Within the first year of life, infants begin using many of the same bottom-up segmentation strategies as adults. For example, in English most content words begin with a stressed syllable, and adult listeners are appropriately biased to perceive stressed syllables as word onsets.2 By 7.5 months, English learners have detected this pattern and are so focused on stress cues that they appear to perceive all stressed syllables as word onsets.3 By the end of the first year of life infants’ segmentation attempts become more accurate (i.e., more adult-like) as they expand their repertoire of segmentation strategies. For example, the use of phonotactic information (i.e., constraints on which consonant transitions are likely within versus across word boundaries) is thought to help infants overcome their earlier reliance on stress to find word boundaries.1 

Another strategy that has been proposed to help infants refine their segmentation attempts is use of prosodically conditioned acoustic-phonetic information.4,5 The prosodic structure of utterances can be characterized as hierarchical.6 Roughly speaking, utterances contain intonational phrases, intonational phrases contain phonological phrases, phonological phrases contain prosodic words, and prosodic words contain syllables. Prosodic boundaries above the prosodic word level and above always coincide with word boundaries. Acoustic-phonetic cues mark the placement of speech units within the hierarchy. For example, speech units at the end of prosodic constituents tend to be lengthened,7 and speech units along the onset of prosodic constituents tend to be more forcefully articulated than those situated in the middle.8 

Adult listeners are sensitive to these acoustic-phonetic cues at all levels. They detect syllable boundaries distinguishing potentially ambiguous phrases such as known ocean and no notion,9 as well as phonological phrase boundaries that mark prosodic boundaries without breaking syllable boundaries.10,11 Most importantly for the current study, adults also use acoustic-phonetic cues at the word level to infer speaker intent and segment words from speech. For example, the word ham is recognized more readily if it is produced as a monosyllabic word rather than as the first syllable of a longer word such as hamster.12 Infants are similar to adults in that they have been shown to use utterance boundaries,13 prosodic phrase boundaries,4 and syllable boundaries1 to find words in speech. However, infants have not yet been shown to use acoustic-phonetic cues at the prosodic word level to segment words from speech. Existing studies examining infants perception of syllable sequences straddling word boundaries (e.g., taris in guitar is3) were not designed to determine if infants are sensitive to acoustic-phonetic cues to word boundaries, and thus used stimuli containing multiple cues to word boundaries. Knowing whether infants use word-level acoustic-phonetic cues to segment words from speech would impact our understanding of developmental speech perception. For example, use of these cues could impose constraints on distributional theories of developmental word segmentation.3,5,14

In the current study we use the Headturn Preference Procedure to test 12-month-olds’ use of word-level acoustic-phonetic cues to segment words from speech.

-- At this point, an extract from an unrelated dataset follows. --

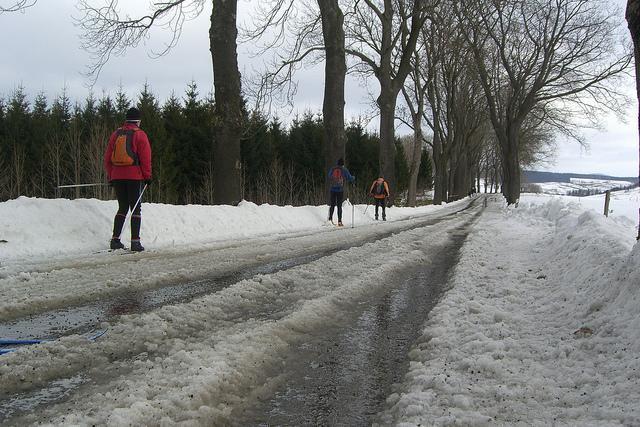What caused the deepest mushiest tracks here?
Select the accurate answer and provide explanation: 'Answer: answer
Rationale: rationale.'
Options: Trains, skiers, bears, automobiles. Answer: automobiles.
Rationale: The cause was cars.

The experiment familiarizes infants with two types of passages. One contained a reoccurring sequence consisting of a monosyllabic word followed by stress-final bisyllabic word (e.g., toe#galore); the other contained a reoccurring sequence consisting of a stress-initial bisyllabic word followed by a monosyllabic word (e.g., dogma#lines). Each of these target sequences is potentially ambiguous in the sense that it can be parsed as beginning with either a monosyllabic or bisyllabic word (e.g., toe#galore and toga#lore). If infants segment intended items more readily than unintended items, then this would suggest that infants use word-level acoustic-phonetic cues to locate word boundaries.

Participants: Forty-eight American-English-learning 12-month-olds from the Baltimore-Annapolis region were tested (22 females). The infants had a mean age of 364 days (range: 351 days to 407 days). The data from nine additional infants were excluded for failing to complete the study due to fussiness (7), parental interference (1), and experimenter error (1).

Stimuli: Eight passages containing a reoccurring target syllable sequence were recorded in an infant-directed register by a female speaker naïve to the purpose of the study.

Sample passage containing stress-initial bisyllabic word: This ruby quest will be more exciting than ever. Ruby quest weddings are frowned upon in Greenwich. The foosball pro was thrilled with that ruby quest. The station’s ruby quest will end before ours. The guy who won the ruby quest wore silly goggles. I joined the singing ruby quest.

Sample passage containing stress-final bisyllabic word: This rue bequest will surely go down in history. Rue bequest weddings were common last May. The panda was really wild about that rue bequest. The station’s rue bequest will make the cat happy. The guy who made the rue bequest wore shiny frog shoes. We sent a singing rue bequest.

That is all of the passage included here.